Nel mondo occidentale, parlare apertamente del bagno e di tutto ciò che vi accade è considerato un tabù. Poop shame is real, e si manifesta persino nei piccoli trucchi utilizzati nei bagni pubblici o sul luogo di lavoro, come il flush hush – tirare l’acqua prima di iniziare per nascondere i rumori imbarazzanti agli orecchi dei vicini di gabinetto. Ma dall’altra parte del mondo, la conversazione sui servizi igienici è abbastanza naturale. Le persone hanno una vera passione per i bagni fatti come si deve, e questa ossessione ha assunto forme straordinarie negli ultimi due decenni, spaziando dalla musica alle creazioni culinarie ispirate a… voi sapete cosa.
Sì, viviamo in un mondo in cui i bar della pupù are a thing. La Poop-Mania è un esempio di come in Asia persino il più inaspettato degli oggetti può trasformarsi in un’icona culturale e culinaria.
Il pupù curry giapponese
La cultura giapponese è conosciuta per aver assegnato divinità a una vasta gamma di cose, e naturalmente il bagno non fa eccezione. E non è un’iperbole: ci sono effettivamente divinità legate ai servizi igienici. Nell’antichità, si praticava la venerazione di tali numi, con statue religiose collocate all’interno o addirittura sotto la tazza del water. In passato, le feci umane venivano raccolte dai contadini giapponesi per essere utilizzate come fertilizzante, dando origine alla fede locale nel kawaya kami, ovvero il Dio del bagno. Questa divinità non solo influenzava l’agricoltura, ma contribuiva anche in modo significativo alla fertilizzazione.
Con il passare degli anni, la devozione alle divinità legate al bagno non è affatto diminuita, anzi, ha continuato a evolversi. Nel 2010, la canzone Toire no Kamisama (Il dio nel bagno) ha portato la cantante, Kana Uemura, a vincere il disco d’oro. Ma il fascino giapponese per questo argomento non si è fermato alla musica. In Giappone, esistono centinaia di ristoranti e caffetterie a tema bagno, nati più che dalla venerazione per le divinità stesse dall’idea che tutto nel Paese del Sol Levante è Kawaī かわいい (adorabile), pure la cacca. La pupù in Giappone ha lo stesso effetto di un endorsment di un influencer: attira la gente. Questo è ben noto al proprietario del Kiyosato Restaurant and Cottage Boku a Hokuto, il quale ha visto un incremento dei clienti dopo aver introdotto il gelato Ku Soft. Servito in una coppetta a forma di gabinetto, questo gelato al cioccolato dal design scontato viene accompagnato da un cucchiaio con uno sticker a forma di mosca e da un lungo bastoncino di zucchero di canna karinto che assomiglia in modo evidente a una pupù.

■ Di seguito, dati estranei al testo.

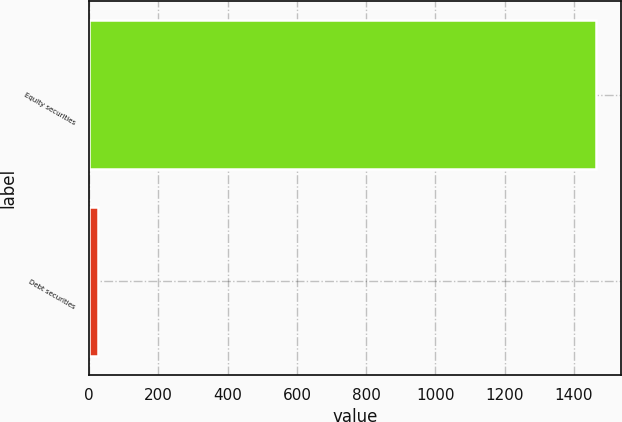<chart> <loc_0><loc_0><loc_500><loc_500><bar_chart><fcel>Equity securities<fcel>Debt securities<nl><fcel>1463<fcel>24<nl></chart>

Tokyo è stata invece l’epicentro di un audace esperimento culinario: il Curry Shop Shimizu. Nel 2015, Ken Shimizu, noto come Shimiken e famoso per le sue centinaia di film per adulti, ha aperto un ristorante pop-up specializzato in un piatto che riproduce sia la consistenza sia il sapore delle feci umane, chiamato “Poo-Flavoured Curry”. Questo stravagante curry veniva servito in contenitori a forma di tradizionale vasino giapponese. La motivazione di Shimiken per aprire un ristorante del genere era alquanto singolare come il locale stesso: “Prima di morire vuole svelare il mistero del vero sapore delle feci”, ha detto Hiroki Okada, il manager del ristorante e mente creativa dietro questo insolito piatto. Il proprietario e lo chef del ristorante hanno ignorato le statistiche di mercato che indicavano che l’85% delle persone non avrebbe mai messo piede in un luogo del genere e hanno deciso di aprire comunque. “Non si tratta tanto di saziare l’appetito – ha proseguito Okada – quanto di regalare ai clienti un momento divertente. Il curry è solo un pretesto.” E il loro audace approccio ha pagato profumatamente. Nell’unico anno di attività il Curry Shop Shimizu ha riscosso un successo travolgente, attraendo persino attori e cantanti di fama. Prima della chiusura, nel 2016, hanno anche svelato gli ingredienti di questo piatto infame: cipolla, carota, pollo tritato, zucca amara, cacao, tè verde e curry in polvere. A completare questa creazione culinaria c’era il kusaya, un pesce sgombro essiccato al sole e salato che emana un odore simile a quello delle feci canine.
La poop mania nei K-drama
Dall’altra parte del mare, in Corea del Sud, le feci hanno conquistato uno status iconico grazie alle loro associazioni con la ricchezza e la fortuna. Le credenze locali vogliono che sognare di feci (senza interagire direttamente con esse) è presagio di successo nella vita. In tempi più recenti, l’immagine della pupù, specialmente quella con la caratteristica forma di montagnola ricurva tipica dei manga giapponesi, è stata integrata in ogni aspetto della cultura pop coreana. È possibile trovare quest’iconica immagine ovunque, dalla moda all’arte urbana, dai bar ai musei, persino nei dessert. Chi si trova a Seoul può imbattersi nel Ttongppang 똥빵 (letteralmente poo bread), un dolce venduto in strada. Questo particolare pane ha la forma di una piccola montagna di feci, farcita con vari ripieni, tra cui i più popolari sono la pasta di fagioli rossi con i pezzetti di noce e il cioccolato.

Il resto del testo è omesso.